Beim Home-Office bekommst du gewisse Anteile der anfallenden Kosten rückerstattet. Es sei denn, dein heimisches Büro wird als Arbeitszimmer anerkannt. In dem Fall kannst du die gesamten Kosten geltend machen.

Fördermittel für Gründer

Neben klassischen Möglichkeiten zur Kapitalbeschaffung können Gründer auf spezielle staatliche Förderprogramme zurückgreifen. Das Angebot ist breit gefächert. Welche Fördermittel angeboten werden, ist allerdings in jedem Bundesland anders geregelt.

Für Gründer gibt es kostenlose Beratungsleistungen zu sämtlichen Belangen rund um ihr Unternehmen, von der richtigen Finanzierung bis zum Marketing. Wichtig ist hierbei aber, dass dein Unternehmen höchstens zwei Jahre alt ist, du einen Betrieb ab dem dritten Geschäftsjahr führst oder dein Unternehmen finanzielle Probleme hat.

Gründer bekommen außerdem Darlehen mit niedrigen Zinsen. Das sind die sogenannten ERP-Gründerkredite, die du beantragen kannst. Der Maximalbetrag liegt bei 100.000 Euro und ist zur Finanzierung deiner Betriebsmittel oder für Investitionen in den ersten drei Jahren gedacht.

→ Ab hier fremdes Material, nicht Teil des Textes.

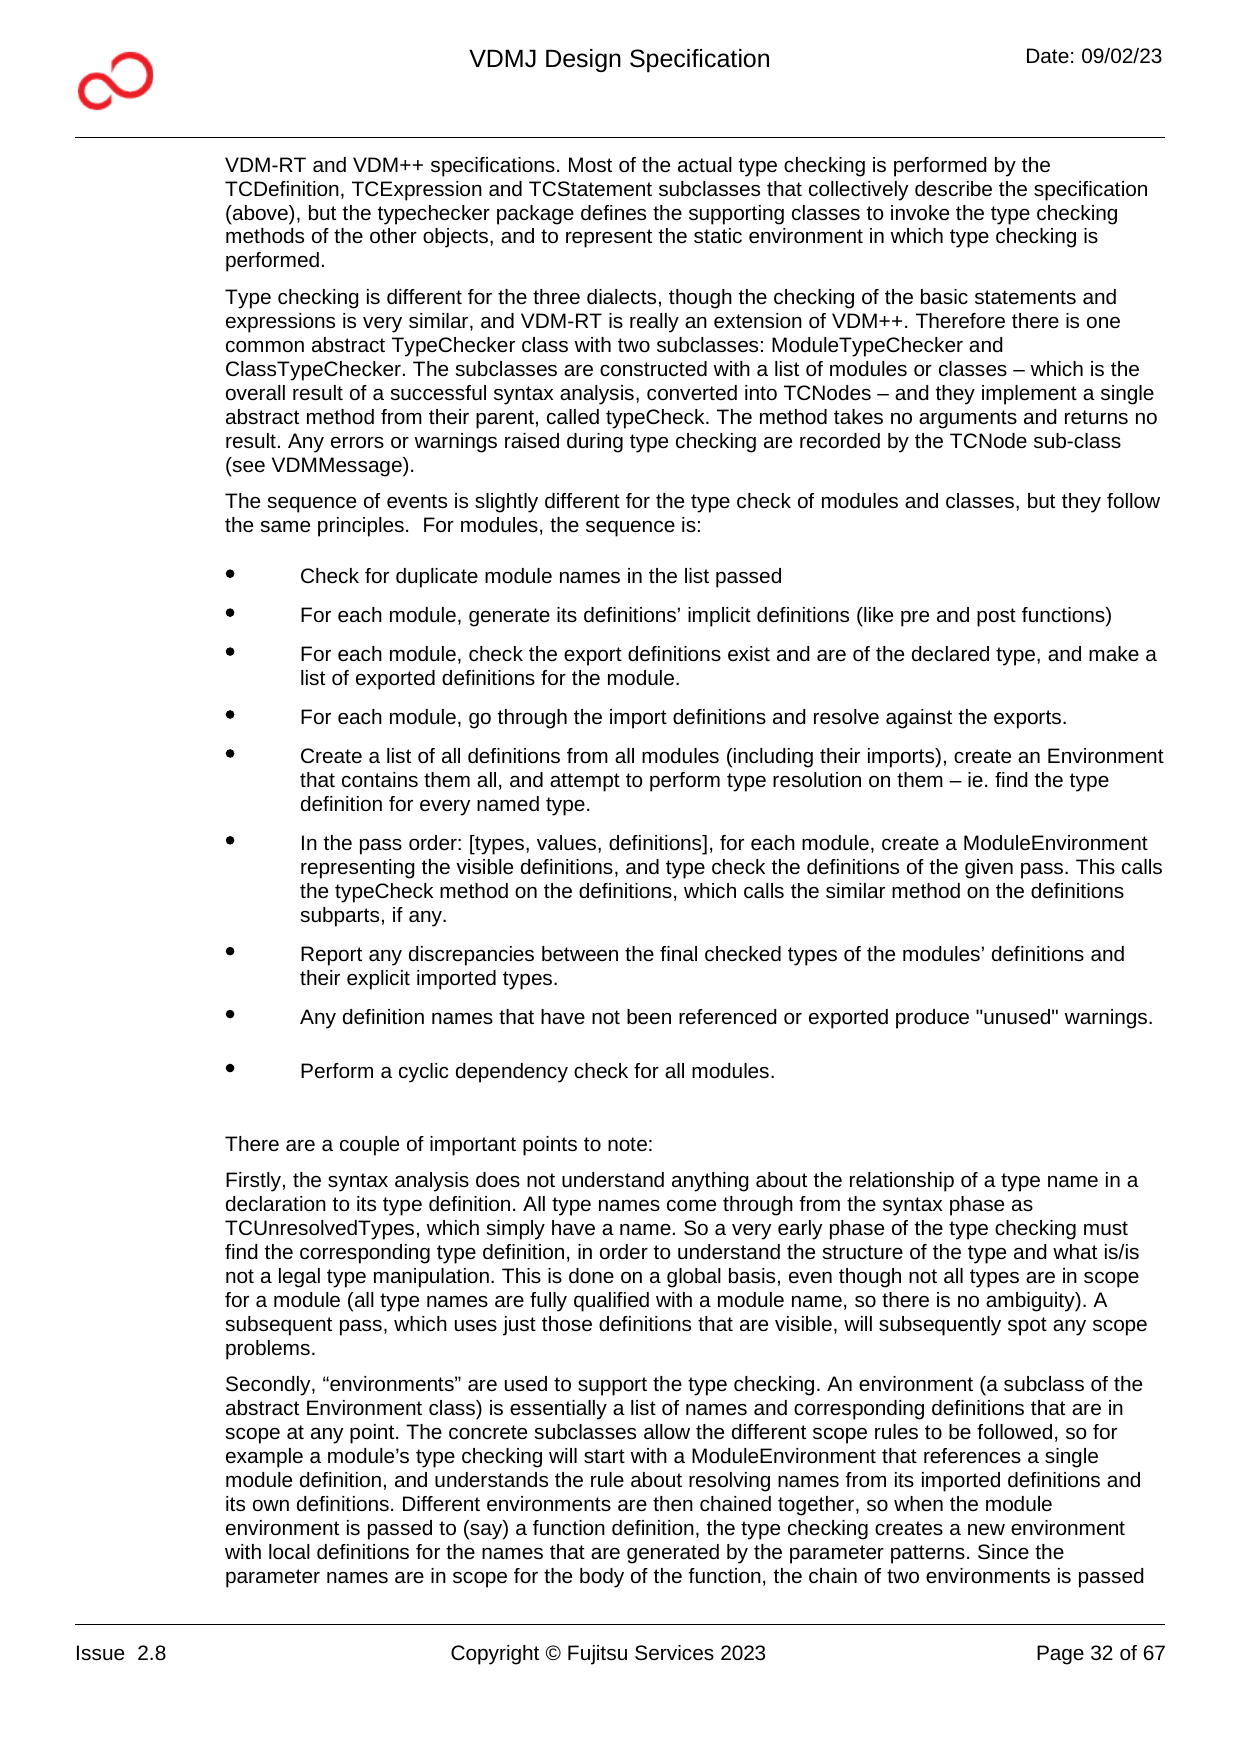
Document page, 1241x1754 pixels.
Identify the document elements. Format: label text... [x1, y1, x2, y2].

list In the pass order: [types, values, definitions], for each module, create a ModuleEnvironment representing the visible definitions, and type check the definitions of the given pass. This calls the typeCheck method on the definitions, which calls the similar method on the definitions subparts, if any. [225, 831, 1165, 927]
text Secondly, “environments” are used to support the type checking. An environment (a subclass of the abstract Environment class) is essentially a list of names and corresponding definitions that are in scope at any point. The concrete subclasses allow the different scope rules to be followed, so for example a module’s type checking will start with a ModuleEnvironment that references a single module definition, and understands the rule about resolving names from its imported definitions and its own definitions. Different environments are then chained together, so when the module environment is passed to (say) a function definition, the type checking creates a new environment with local definitions for the names that are generated by the parameter patterns. Since the parameter names are in scope for the body of the function, the chain of two environments is passed [225, 1373, 1165, 1588]
list Create a list of all definitions from all modules (including their imports), create an Environment that contains them all, and attempt to perform type resolution on them – ie. find the type definition for every named type. [225, 744, 1165, 816]
picture [78, 44, 153, 120]
text Firstly, the syntax analysis does not understand anything about the relationship of a type name in a declaration to its type definition. All type names come through from the syntax phase as TCUnresolvedTypes, which simply have a name. So a very early phase of the type checking must find the corresponding type definition, in order to understand the structure of the type and what is/is not a legal type manipulation. This is done on a global basis, even though not all types are in scope for a module (all type names are fully qualified with a module name, so there is no ambiguity). A subsequent pass, which uses just those definitions that are visible, will subsequently spot any scope problems. [225, 1168, 1165, 1360]
list Perform a cyclic dependency check for all modules. [225, 1059, 1165, 1083]
text Type checking is different for the three dialects, though the checking of the basic statements and expressions is very similar, and VDM-RT is really an extension of VDM++. Therefore there is one common abstract TypeChecker class with two subclasses: ModuleTypeChecker and ClassTypeChecker. The subclasses are constructed with a list of modules or classes – which is the overall result of a successful syntax analysis, converted into TCNodes – and they implement a single abstract method from their parent, called typeCheck. The method takes no arguments and returns no result. Any errors or warnings raised during type checking are recorded by the TCNode sub-class (see VDMMessage). [225, 285, 1165, 477]
text There are a couple of important points to note: [225, 1132, 1165, 1156]
text The sequence of events is slightly different for the type check of modules and classes, but they follow the same principles. For modules, the sequence is: [225, 489, 1165, 537]
list For each module, generate its definitions’ implicit definitions (like pre and post functions) [225, 604, 1165, 628]
list For each module, go through the import definitions and resolve against the exports. [225, 706, 1165, 729]
list Any definition names that have not been referenced or exported produce "unused" warnings. [225, 1005, 1165, 1029]
list Check for duplicate module names in the list passed [225, 565, 1165, 589]
list For each module, check the export definitions exist and are of the declared type, and make a list of exported definitions for the module. [225, 643, 1165, 691]
list Report any discrepancies between the final checked types of the modules’ definitions and their explicit imported types. [225, 942, 1165, 990]
text VDM-RT and VDM++ specifications. Most of the actual type checking is performed by the TCDefinition, TCExpression and TCStatement subclasses that collectively describe the specification (above), but the typechecker package defines the supporting classes to invoke the type checking methods of the other objects, and to represent the static environment in which type checking is performed. [225, 153, 1165, 273]

Wer aus der Arbeitslosigkeit heraus ein Unternehmen gründet und ALG 1, erhält zur sozialen Absicherung einen monatlichen Gründerzuschuss von 300 Euro, der bis zu 15 Monate lang gezahlt wird. Für Gründer mit ALG 2-Bezug gibt es das staatliche Einstiegsgeld. Dieses beträgt die Hälfte deiner ALG 2-Summe und wird bis zu 24 Monate gezahlt.

Weitere Fördermittel sind der Mikromezzaninfond Deutschland, das Förderprogramm INVEST sowie Fördermittel, die auf Landesebene vergeben werden.

Bares Geld sparen

Als Gründer kannst du zudem einiges an Kosten einsparen, indem du beim Kauf deiner Büroeinrichtung das ein oder andere gebraucht kaufst. Das können Regale sein, der Schreibtisch, unter Umständen auch technische Geräte wie Computer und Drucker. Nicht alles muss ganz neu sein, um damit gut arbeiten zu können. Außerdem ist es sinnvoll, vor dem Einrichten deiner Geschäftsräume genau zu überlegen, welche Anschaffungen tatsächlich sinnvoll oder notwendig sind und welche warten oder gänzlich gespart werden können.